After the address calculation microinstruction (st _ addr disp (p 2)) is transmitted to the access memory unit, an access memory base address is read from the physical register p2, and is added with an address offset (disp) to be used as a real access memory virtual address (VAddr), and the subsequent processing of the storage instruction is determined according to the conditions of whether an exception exists, whether a copy of DCache is hit and a writable right is obtained, whether the ROB allows the storage instruction to submit, whether storage data is received and the like. As shown in fig. 3, SQ entries may be managed using a state machine, as follows:
(1) After the access instruction is transmitted to an access component, if the virtual-real address substitution is abnormal or the access authority is wrong, the abnormal condition is registered in the SQ, and the state of waiting for abnormal processing is entered after the exception is reported to the ROB;
(2) After the access instruction is transmitted to the access component, if the virtual-real address replacement is normally completed, the access authority is not abnormal, but the copy in the DCache is not hit or the writable authority is not obtained, the write request is suspended and enters a state of waiting for the DCache to obtain the writable copy;
(3) After the access instruction is transmitted to the access component, if the virtual-real address replacement is normally completed and the access authority is not abnormal, the DCache copy is hit and the writable authority is obtained, but the ROB does not allow the storage instruction to be submitted, the SQ entry enters a state of waiting for the ROB to allow the submission;
(4) After the access instruction is transmitted to the access component, if the virtual-real address replacement is normally completed and the access authority is not abnormal, the DCache copy is hit and the writable authority is obtained, and the ROB allows the storage instruction to be submitted, the SQ entry enters a state of 'ready to report to the ROB for completion';
(5) The SQ entry waits in a "wait for exception" state for the store instruction to become the oldest instruction in the ROB. If the store instruction is not the oldest instruction in the ROB, then continue to remain in that state; when the storage instruction becomes the oldest instruction in the ROB, deleting the SQ entry and performing exception handling;
(6) The SQ entry waits to obtain a data copy and a writable right from the next-layer Cache or main memory in a 'waiting for obtaining a writable copy in DCache' state. If no writable copy is obtained in DCache, then it is kept in this state; when the DCache obtains the writable copy, further judging whether the ROB allows the storage instruction to be submitted, if the ROB does not allow the storage instruction to be submitted, jumping to a state of waiting for the ROB to allow the storage instruction to be submitted; if the ROB allows submission, jumping to a state of 'ready to report to the ROB' and 'finishing';
(7) The SQ entry waits for the ROB to give a commit-allowed signal in a "wait for ROB commit allowed" state. If the commit-allowed signal given by the ROB is not received, it remains in this state; after receiving a commit-allowed signal given by the ROB, jumping to a 'ready to report to the ROB completed' state;
(8) The SQ item applies for the completion of the report to the ROB in the state of 'preparation for reporting to the ROB', if the report to the ROB is not completed successfully, the SQ item is kept in the state and continues to apply for the completion of the report to the ROB; after the state is successfully reported to the ROB, whether the stored data is received or not is further judged, and if the stored data is not received, the state of waiting for storing the data is skipped; if the stored data has been received, jumping to a "ready to write DCache state";
(9) The SQ entry waits in a "wait for store data" state for a store data micro instruction to be transmitted to the access component and registers the SQ entry. If the stored data is not received, then maintaining the state; after receiving the storage data, the SQ entry jumps to a 'ready-to-write DCache' state;
(10) The SQ entry applies for writing the DCache in a 'ready to write DCache state', and if the operation of writing the DCache is not finished, the SQ entry is kept in the state and continues applying for writing the DCache; if the store data is successfully written to DCache, the SQ entry is released.

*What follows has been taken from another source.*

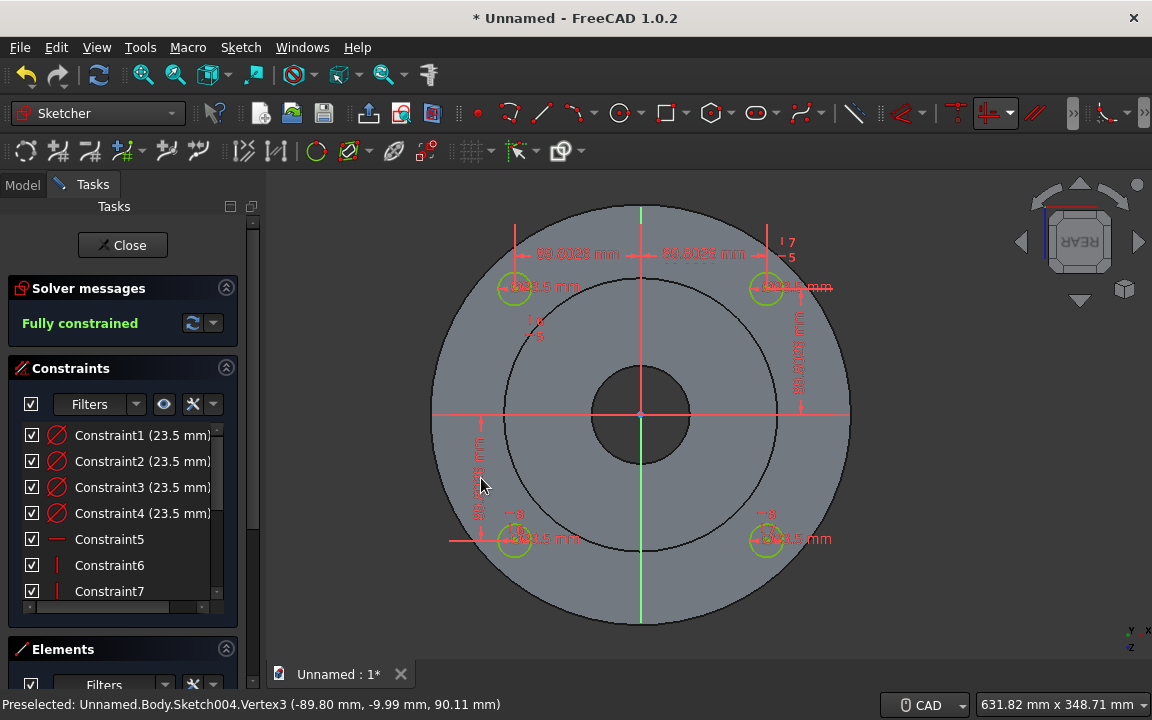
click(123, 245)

At the same time, when the ROB recognizes that the store instruction is the oldest instruction in the sequence of instructions, the SQ is notified to allow it to commit. At this point, the store data micro-instruction (st _ data 1) may still be waiting in the issue queue, may be reading the register file, or has been launched into the memory access component and merged with the address calculation micro-instruction in SQ. If the address calculation micro-instruction in SQ has an exception and the ROB is reported to have completed the exception, the store instruction is deleted from the ROB head and the SQ is informed to delete the corresponding entry, the instruction pipeline deletes the store data micro-instruction which may not be transmitted and all the instructions younger than the store instruction, and then the exception handler is entered for execution. If the address calculation micro-instruction of the store instruction has reported normal completion to the ROB, the store instruction is deleted from the ROB header regardless of whether the store data micro-instruction has reached SQ.

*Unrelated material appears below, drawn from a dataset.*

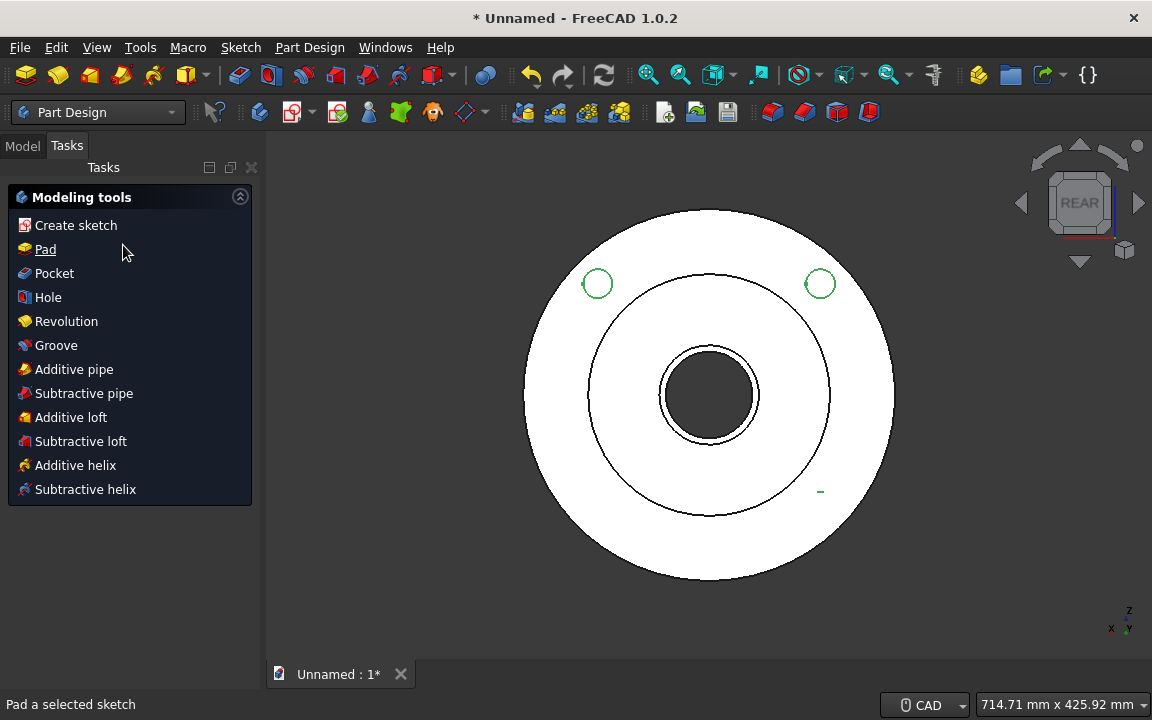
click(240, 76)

To ensure that this optimization does not alter the processor store coherency model, all committed store instructions must write store data to DCache in order, and store instructions that committed but have not yet received store data cannot perform DCache write operations until the store data is received. For this reason, all committed store instructions, whether they have received store data or not, need to enter a first-in first-out queue (FIFO) to wait, and after the condition for writing DCache is satisfied, the data is written into DCache in turn. In specific implementation, an additional FIFO queue may be provided to buffer committed store instructions, or the SQ queue may be continuously used to store committed store instructions. When the committed storage instructions are cached by using the SQ queue, the time for the storage instructions to occupy SQ entries is prolonged, the probability that an instruction pipeline is blocked because the SQ has no idle entries to store the storage instructions which are subsequently transmitted to the access storage unit is increased, and therefore the number of the SQ entries needs to be increased properly to reduce the additional influence brought by the optimization.

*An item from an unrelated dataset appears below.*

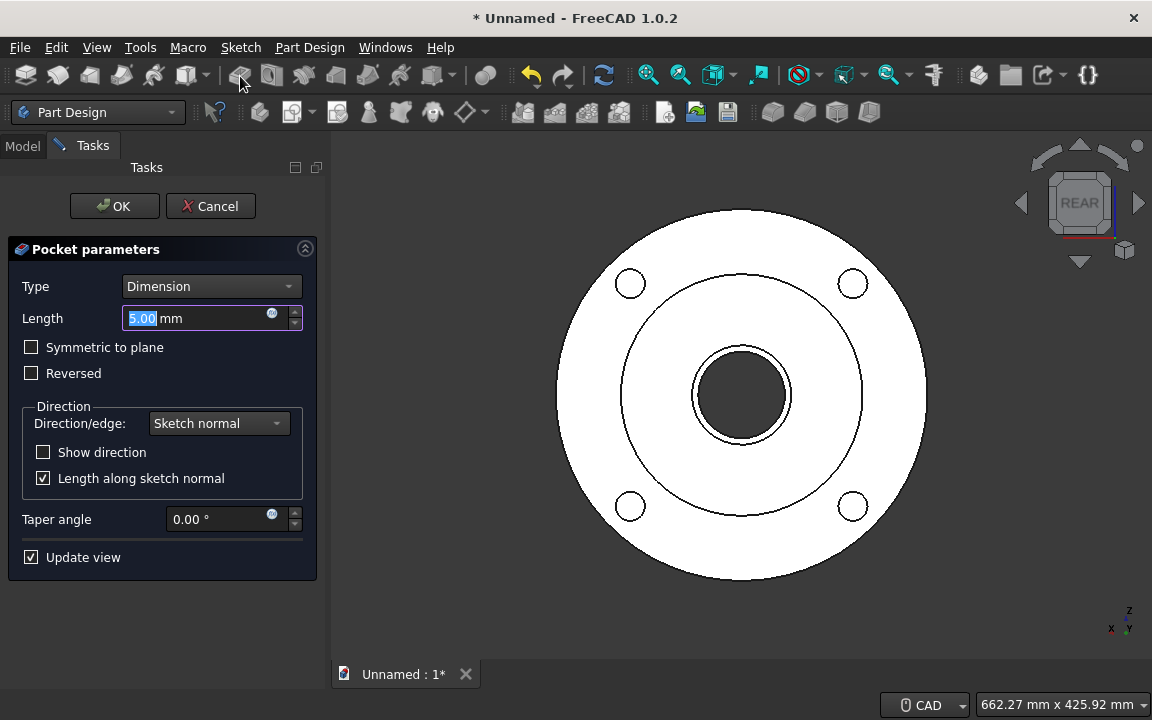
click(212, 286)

For control convenience, store instructions that have committed but have not yet performed a write DCache operation continue to wait in SQ, setting separate head and tail pointers and state for identification. And the submitted storage instructions are sequentially judged according to the instruction sequence, if the storage data are received, the DCache writing operation is executed, otherwise, the instruction and the subsequent submitted storage instructions continue to wait.
For the store coherency model, store instructions that have been committed by the ROB but have not yet written store data into the DCache need to be visible to other cores, so under a multi-core architecture, if a coherency request address received by a core is the same as a store address accessed by such store instruction, then processing of the coherency request needs to be blocked until such store instruction writes store data into the DCache. It should be noted that, in the multi-core architecture, the minimum data granularity processed by the Cache coherence protocol is generally one Cache line, and therefore, the address accessed by the coherence request and the address accessed by the store instruction are both compared by taking the Cache line address as a unit. Since the store data instruction resolved by the store instruction only accesses one source register, and the committed store instruction is definitely the oldest instruction in the instruction sequence, the store data instruction cannot be transmitted for a long time because the source register is not ready, and is only blocked temporarily because of a transmission port or register read port conflict, so that the consistency request is not blocked for a long time because the consistency request is the same as the address of the store instruction committed but not written to DCache, namely, the system deadlock problem is not caused. Assuming that the Cache line size is 128 bytes in the present processor, the lowest 7 bits are ignored when comparing the address accessed by the coherency request with the address accessed by the store instruction.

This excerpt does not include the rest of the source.